I never had pain before the accident, and my research points to spondylitis. My doctors are baffled, so I'm trying to diagnose myself. They're giving me a TENS machine.
Lesley, via email (Summer 2015)

A) Let's clear up a bit of unhelpful terminology here. Spondylitis is a bit of a useless term, in my opinion. It refers to inflammation of the joints of the neck and it's used as a diagnosis for a lot of neck problems. But it's a bit of a catch-all phrase that doesn't properly describe what's happening to you – pain in your neck with radiation to the right arm and hand.

What you have by the sounds of things is whiplash (an injury caused by forced forward and backward movement of the head) causing neck pain, probably from the muscles and ligaments that support the spine and, by the sounds of it, some irritation, pressure or injury to the nerves that pass out from the neck. Pain that radiates from the neck to the hand, particularly associated with numbness and tingling, is pretty much the hallmark of injury to the nerves as they leave the spine.    

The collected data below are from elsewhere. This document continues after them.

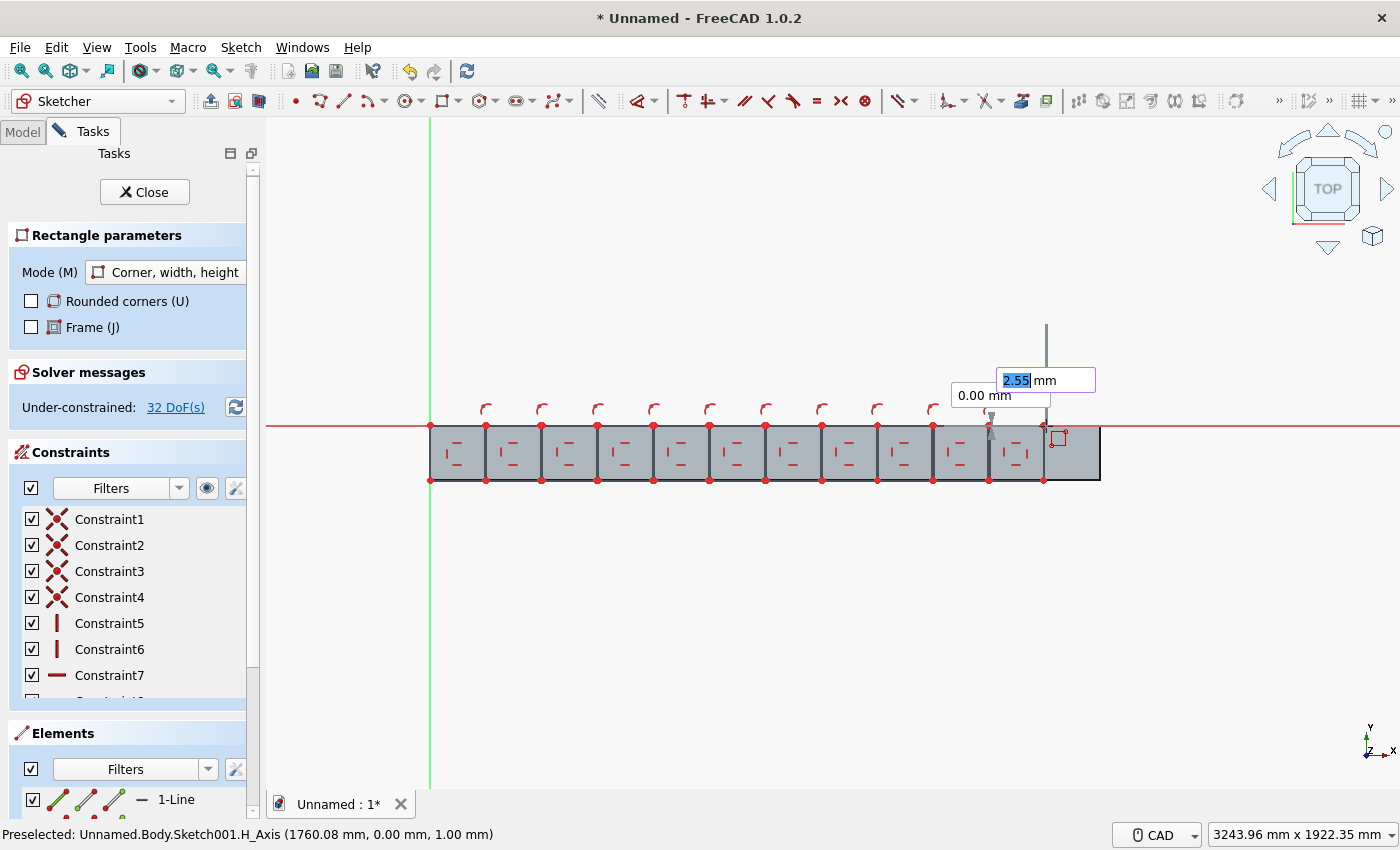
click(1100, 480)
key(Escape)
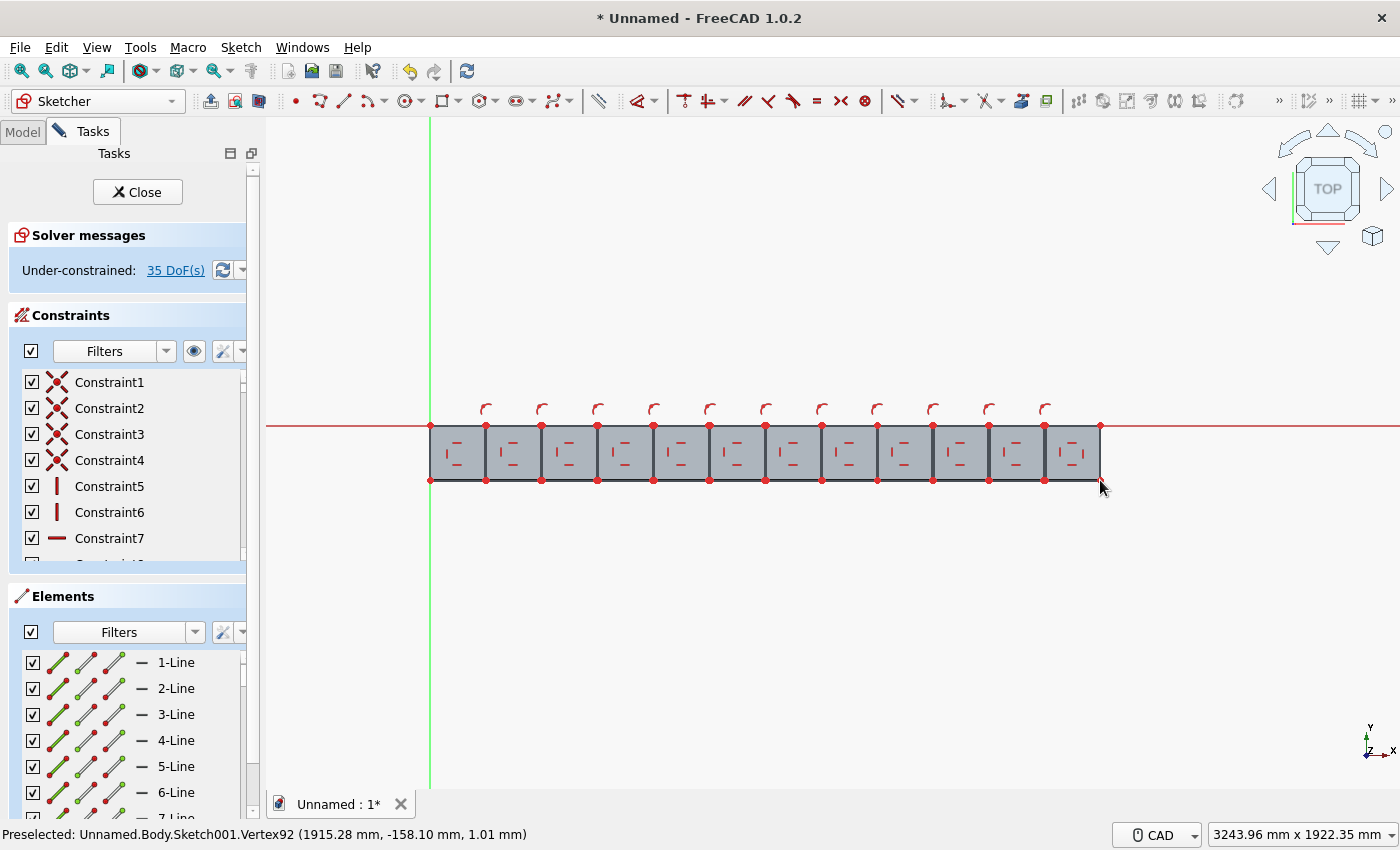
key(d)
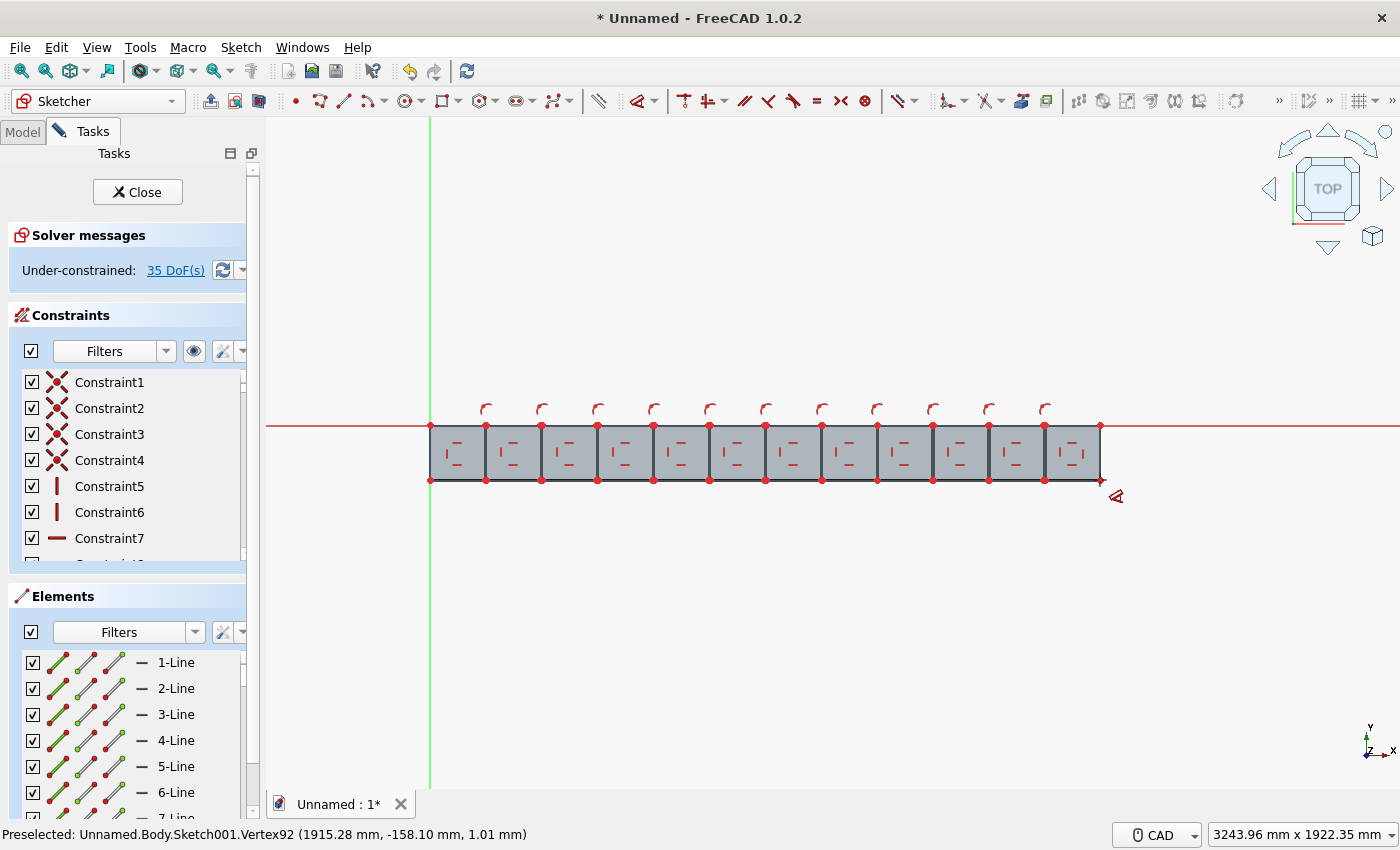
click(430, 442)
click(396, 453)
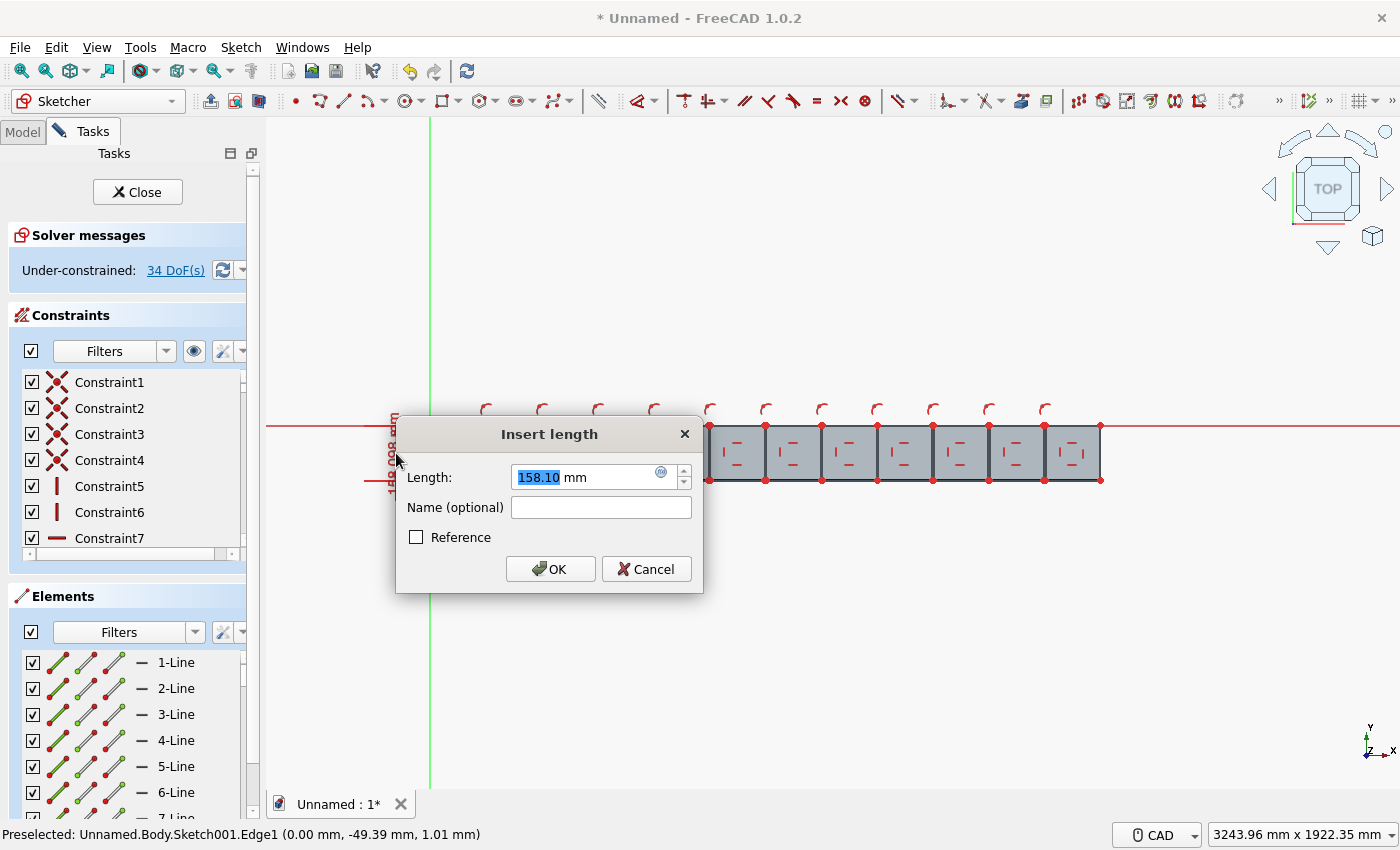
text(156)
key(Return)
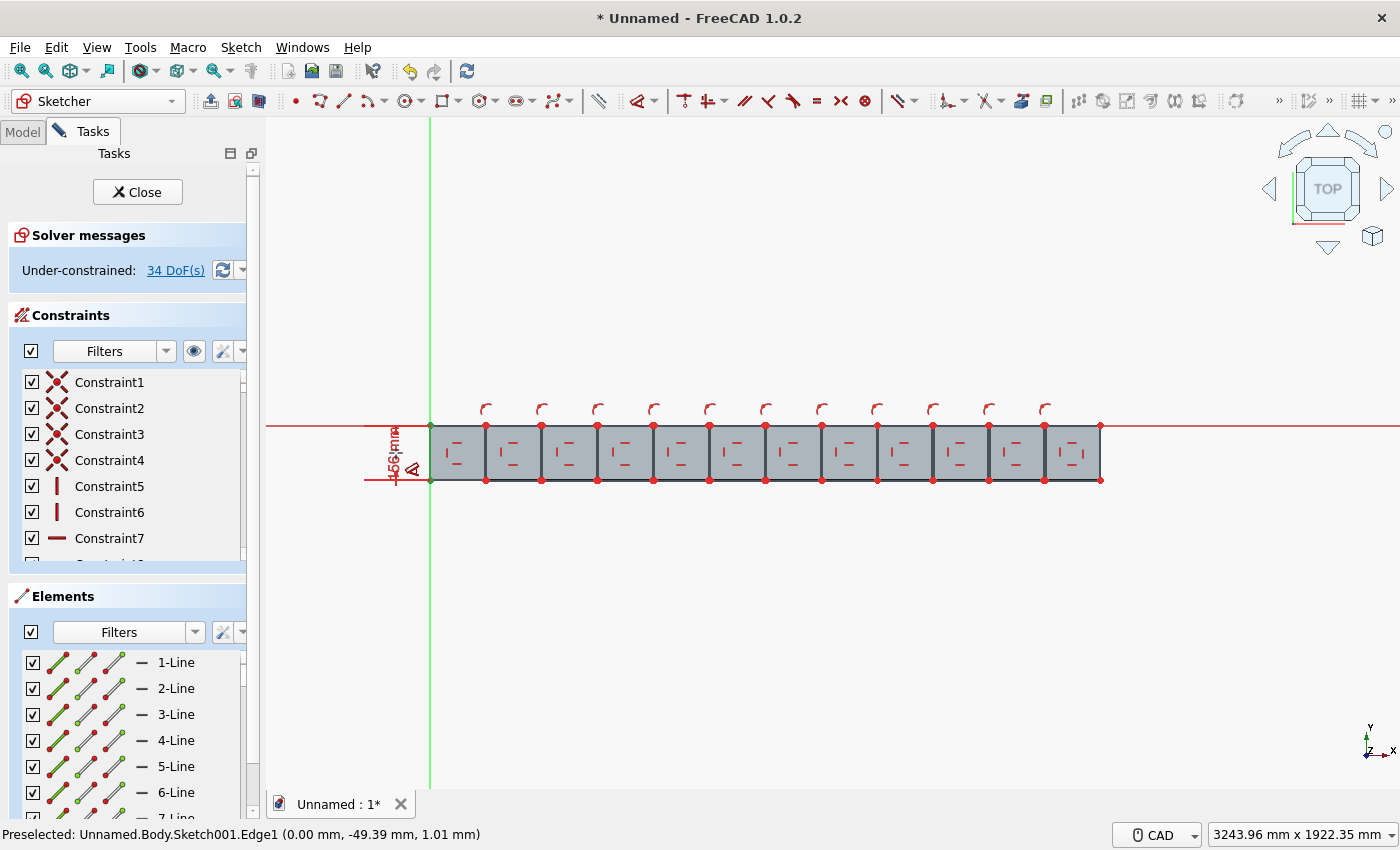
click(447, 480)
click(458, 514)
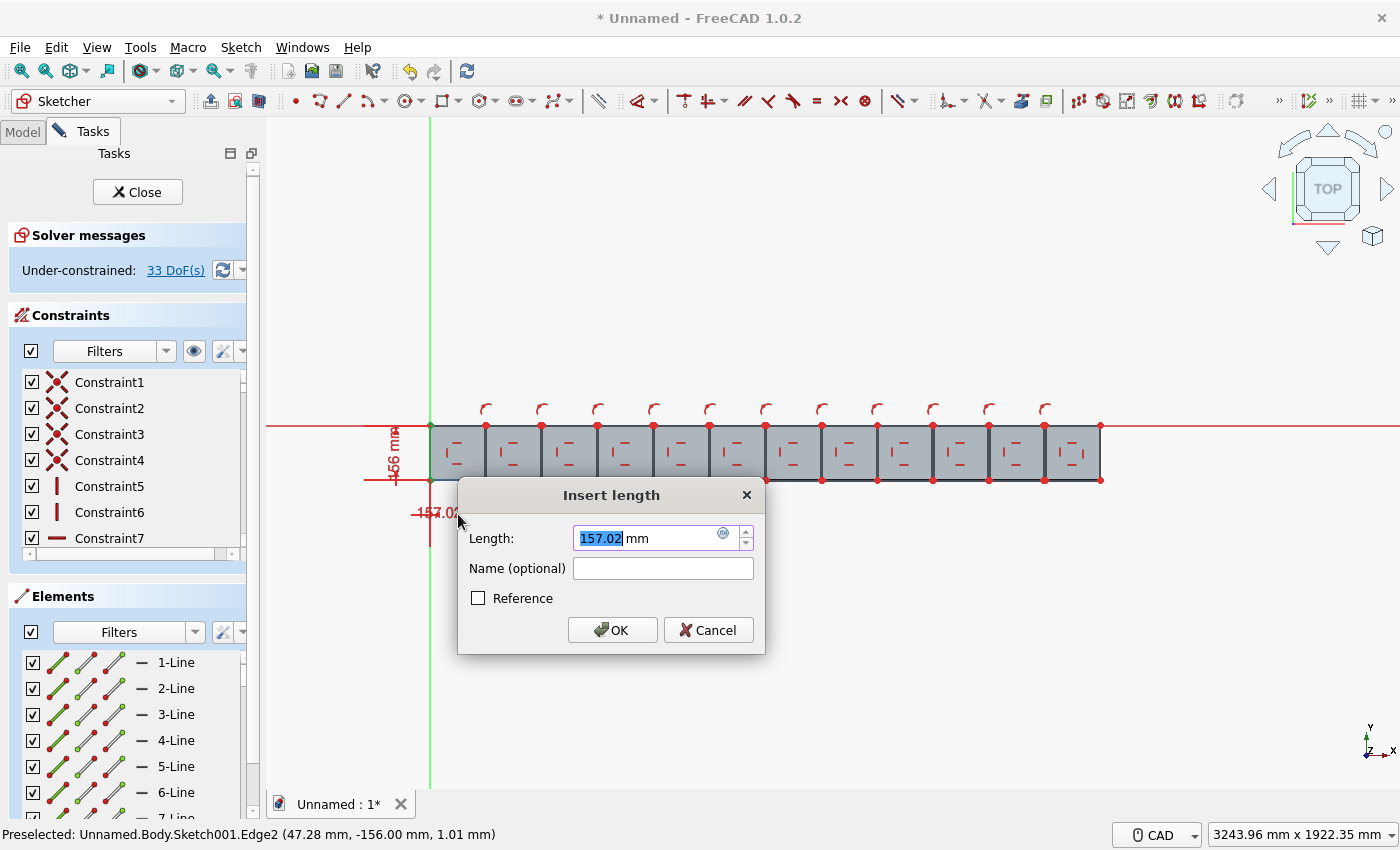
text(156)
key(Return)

If you've had symptoms for a year and no clear cause has been identified, you need further investigation – an MRI scan firstly and then nerve conduction studies (also called EMG – electromyelography) if the MRI doesn't fully explain what's happening.

That said, a TENS machine is a reasonable suggestion for your pain. It's safe and effective, and can be started while you're waiting for investigations. But the full range of treatment options can only be known when you have a proper diagnosis. If your doctor is baffled, then they need to refer you to someone who can give you a proper diagnosis, explanation and management plan.

This answer was provided by Dr Tom Margham for the Summer 2015 edition of our magazine, Arthritis Today, and was correct at the time of publication.